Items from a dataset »
════

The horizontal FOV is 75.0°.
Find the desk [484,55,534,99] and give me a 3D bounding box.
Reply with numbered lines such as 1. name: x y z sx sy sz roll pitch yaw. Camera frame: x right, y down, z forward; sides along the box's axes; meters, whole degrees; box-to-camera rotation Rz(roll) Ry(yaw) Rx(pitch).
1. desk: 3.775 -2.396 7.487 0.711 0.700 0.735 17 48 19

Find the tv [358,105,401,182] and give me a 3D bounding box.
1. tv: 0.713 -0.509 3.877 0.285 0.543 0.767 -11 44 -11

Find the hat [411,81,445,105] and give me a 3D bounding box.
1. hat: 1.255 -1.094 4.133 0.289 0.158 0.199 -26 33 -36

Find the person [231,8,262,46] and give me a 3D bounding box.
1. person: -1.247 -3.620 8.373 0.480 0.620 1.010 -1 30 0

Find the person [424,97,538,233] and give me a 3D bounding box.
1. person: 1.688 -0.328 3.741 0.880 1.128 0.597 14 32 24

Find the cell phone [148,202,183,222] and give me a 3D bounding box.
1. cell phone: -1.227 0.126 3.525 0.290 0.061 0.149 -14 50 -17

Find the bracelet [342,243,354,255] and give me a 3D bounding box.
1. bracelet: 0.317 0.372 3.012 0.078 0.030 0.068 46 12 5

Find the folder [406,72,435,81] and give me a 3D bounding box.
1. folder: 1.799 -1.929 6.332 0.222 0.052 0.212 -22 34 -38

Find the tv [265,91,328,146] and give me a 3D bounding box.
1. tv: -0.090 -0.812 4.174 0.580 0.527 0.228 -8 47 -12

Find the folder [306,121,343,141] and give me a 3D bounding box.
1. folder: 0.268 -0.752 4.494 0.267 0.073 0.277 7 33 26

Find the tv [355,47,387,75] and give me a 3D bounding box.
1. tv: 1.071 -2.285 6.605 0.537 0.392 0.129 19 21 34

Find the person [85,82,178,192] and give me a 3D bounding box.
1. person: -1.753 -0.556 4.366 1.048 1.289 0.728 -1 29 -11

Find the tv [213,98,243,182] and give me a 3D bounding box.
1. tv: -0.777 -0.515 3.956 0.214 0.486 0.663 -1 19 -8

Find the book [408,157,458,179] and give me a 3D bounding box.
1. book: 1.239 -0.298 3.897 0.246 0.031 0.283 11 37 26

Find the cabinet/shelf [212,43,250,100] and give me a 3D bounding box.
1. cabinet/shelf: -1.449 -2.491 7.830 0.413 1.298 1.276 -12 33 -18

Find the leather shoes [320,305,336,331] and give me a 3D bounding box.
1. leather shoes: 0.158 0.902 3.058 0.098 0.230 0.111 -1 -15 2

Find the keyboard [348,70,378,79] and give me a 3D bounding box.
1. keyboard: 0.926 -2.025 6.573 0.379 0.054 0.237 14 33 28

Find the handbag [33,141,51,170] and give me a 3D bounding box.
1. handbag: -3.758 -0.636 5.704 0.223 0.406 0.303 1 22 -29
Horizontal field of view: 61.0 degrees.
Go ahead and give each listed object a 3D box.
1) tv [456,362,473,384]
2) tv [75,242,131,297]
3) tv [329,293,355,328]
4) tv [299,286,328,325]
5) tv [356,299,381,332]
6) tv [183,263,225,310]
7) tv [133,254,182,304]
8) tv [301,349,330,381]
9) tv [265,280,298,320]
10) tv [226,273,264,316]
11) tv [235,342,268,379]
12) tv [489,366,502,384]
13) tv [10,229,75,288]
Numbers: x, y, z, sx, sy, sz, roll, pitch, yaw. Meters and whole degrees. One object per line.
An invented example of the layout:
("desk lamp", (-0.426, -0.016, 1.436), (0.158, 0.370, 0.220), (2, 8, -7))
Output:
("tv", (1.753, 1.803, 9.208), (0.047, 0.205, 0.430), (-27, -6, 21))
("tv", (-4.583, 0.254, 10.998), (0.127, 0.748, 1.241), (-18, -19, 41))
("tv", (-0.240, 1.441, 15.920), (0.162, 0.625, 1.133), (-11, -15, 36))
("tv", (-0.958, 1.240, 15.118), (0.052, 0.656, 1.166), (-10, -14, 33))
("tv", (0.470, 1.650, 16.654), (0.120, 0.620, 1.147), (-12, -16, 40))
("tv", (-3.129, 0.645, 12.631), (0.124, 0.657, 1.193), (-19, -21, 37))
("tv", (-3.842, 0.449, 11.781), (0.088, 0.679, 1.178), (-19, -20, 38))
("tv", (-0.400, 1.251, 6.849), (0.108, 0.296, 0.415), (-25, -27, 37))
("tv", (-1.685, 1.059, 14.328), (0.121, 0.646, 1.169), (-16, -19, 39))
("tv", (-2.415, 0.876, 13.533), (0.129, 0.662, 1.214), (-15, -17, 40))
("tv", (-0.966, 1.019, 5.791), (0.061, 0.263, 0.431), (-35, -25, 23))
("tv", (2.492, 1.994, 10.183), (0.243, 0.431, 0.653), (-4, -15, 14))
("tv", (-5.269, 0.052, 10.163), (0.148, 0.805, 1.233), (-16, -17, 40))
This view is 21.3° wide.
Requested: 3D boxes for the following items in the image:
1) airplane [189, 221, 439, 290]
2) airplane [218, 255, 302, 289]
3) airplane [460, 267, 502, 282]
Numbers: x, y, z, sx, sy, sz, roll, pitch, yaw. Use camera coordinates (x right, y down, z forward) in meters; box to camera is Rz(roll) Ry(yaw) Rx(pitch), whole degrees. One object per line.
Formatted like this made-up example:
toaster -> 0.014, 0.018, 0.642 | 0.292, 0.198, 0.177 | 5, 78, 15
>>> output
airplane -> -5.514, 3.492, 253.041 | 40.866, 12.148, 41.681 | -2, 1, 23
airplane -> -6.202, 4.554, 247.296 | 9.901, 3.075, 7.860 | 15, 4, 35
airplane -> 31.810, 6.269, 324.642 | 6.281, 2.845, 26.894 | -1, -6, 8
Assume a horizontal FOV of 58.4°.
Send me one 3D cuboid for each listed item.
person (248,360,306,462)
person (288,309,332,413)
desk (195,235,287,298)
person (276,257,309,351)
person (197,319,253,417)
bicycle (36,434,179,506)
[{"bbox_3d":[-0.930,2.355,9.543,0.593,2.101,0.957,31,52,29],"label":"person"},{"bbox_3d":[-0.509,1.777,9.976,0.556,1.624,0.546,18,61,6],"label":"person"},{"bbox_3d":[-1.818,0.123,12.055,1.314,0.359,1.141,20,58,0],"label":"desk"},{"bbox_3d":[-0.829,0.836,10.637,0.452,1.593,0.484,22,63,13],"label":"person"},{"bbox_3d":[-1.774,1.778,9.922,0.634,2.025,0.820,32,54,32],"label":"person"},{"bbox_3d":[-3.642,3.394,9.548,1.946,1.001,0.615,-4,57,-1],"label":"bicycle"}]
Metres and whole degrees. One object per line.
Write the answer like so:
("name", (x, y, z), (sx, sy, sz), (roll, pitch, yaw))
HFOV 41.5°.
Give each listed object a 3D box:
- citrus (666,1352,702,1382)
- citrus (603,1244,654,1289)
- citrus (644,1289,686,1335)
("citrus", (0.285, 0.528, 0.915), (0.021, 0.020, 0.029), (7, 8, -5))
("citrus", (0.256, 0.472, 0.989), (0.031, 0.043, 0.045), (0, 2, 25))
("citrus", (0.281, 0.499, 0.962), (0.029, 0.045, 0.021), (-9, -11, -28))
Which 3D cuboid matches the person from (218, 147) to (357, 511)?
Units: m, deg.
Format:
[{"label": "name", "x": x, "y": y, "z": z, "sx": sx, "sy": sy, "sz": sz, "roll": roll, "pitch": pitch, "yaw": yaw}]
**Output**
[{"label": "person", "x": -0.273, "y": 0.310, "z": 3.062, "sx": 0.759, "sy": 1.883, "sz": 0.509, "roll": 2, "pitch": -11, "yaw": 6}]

════

Task statement »
Pull every line holding "each" out of the records.

Answer box »
Go ahead and give each listed object a 3D box.
Send me one 3D cuboid for each listed item.
Give each listed object a 3D box:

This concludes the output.